Amazon.com Review
Amazon Best Books of the Month, January 2011: Yoga, even as it furthers its storefront-by-storefront takeover of American leisure hours, remains a punchline, a shorthand summing-up of a certain way of life. One of the charms of Poser, Claire Dederer's memoir of motherhood and marriage structured around her love affair with yoga, is that--as her title hints--she gets the joke, and tells it very well herself. She knows, to the molecule, the subculture she swims within--the "liberal enclave" of late '90s North Seattle, with its self-policed, guilt-laced dictates about the proper ways to parent, work, play, and wed (and divorce)--and she's well aware of every knee-jerk response you might bring to a story about yoga (she had them too). She's sharp and funny, shifting expertly between earthy put-downs and the earnest openness that yoga leads her to. And she's wisest, and most fascinating, when she's plotting the differences between her mother's generation, breaking out from the traditions of young marriage and motherhood in sloppy, self-invented ways, and her own, responding to the chaos of their parents' marriages and their own youth with the anxiously seamless embrace of attachment parenting. Readers will inevitably be reminded of another witty, navel-gazing, West-meets-East memoir, Eat, Pray, Love, but Dederer's more domestic journey is her very much her own. --Tom Nissley
From Bookmarks Magazine
All of the reviewers enjoyed Poser, but they may have been less than effusive with their praise because they spent so much time explaining what the book was not—not a yoga guide, not a self-help book, not as gimmicky as its title would seem to indicate, not a conventional memoir.
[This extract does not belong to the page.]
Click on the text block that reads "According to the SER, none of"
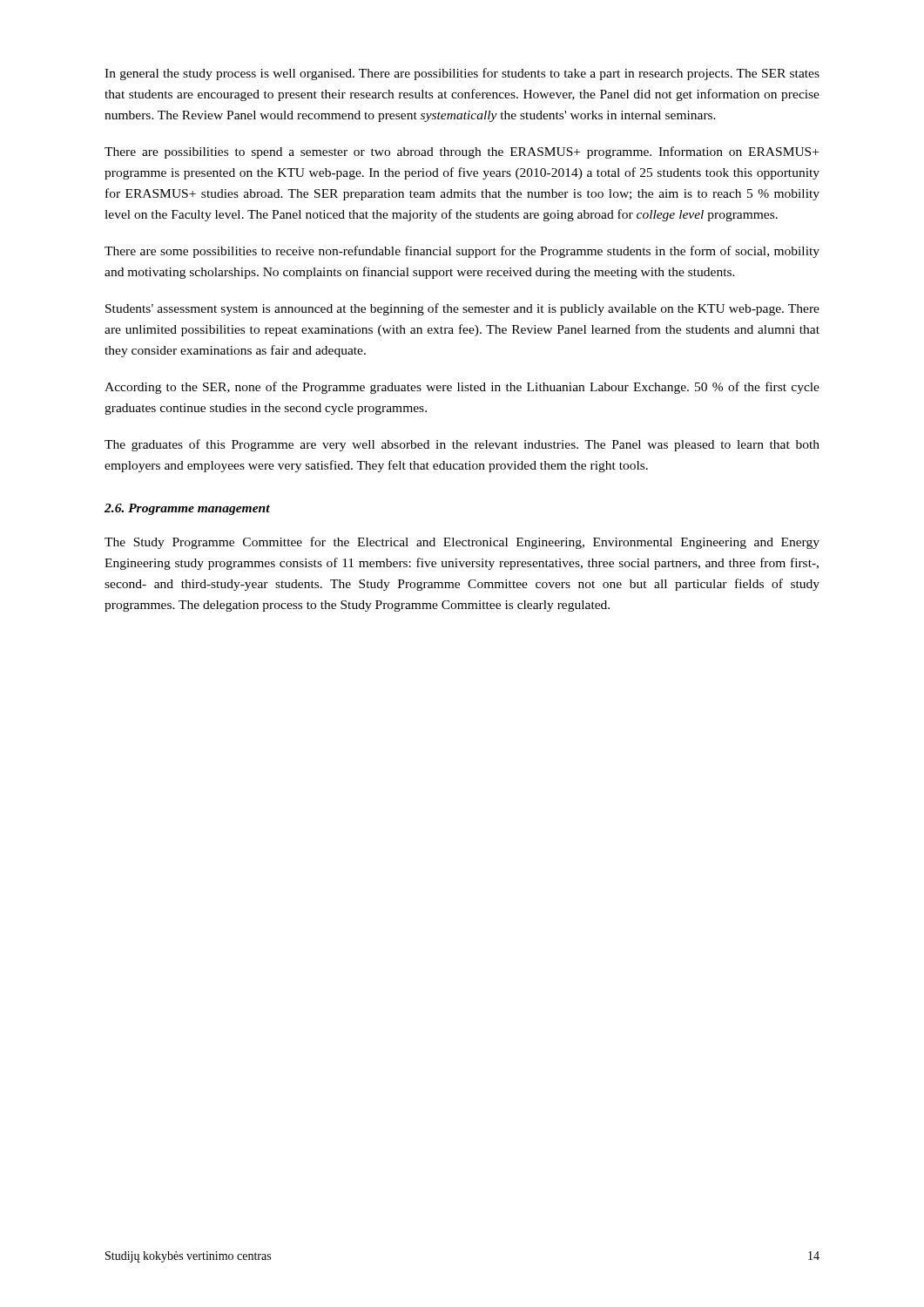This screenshot has height=1307, width=924. point(462,397)

That said, Poser does contain scant elements of each, with passages on feminism, attachment parenting, and the history of yoga thrown in. But all that negation suggests that Dederer has achieved something like the self-actualization yoga promises, all without taking herself too seriously. In the end, reviewers seemed to say, the voice of this book is truly Dederer’s own, and more than sufficient.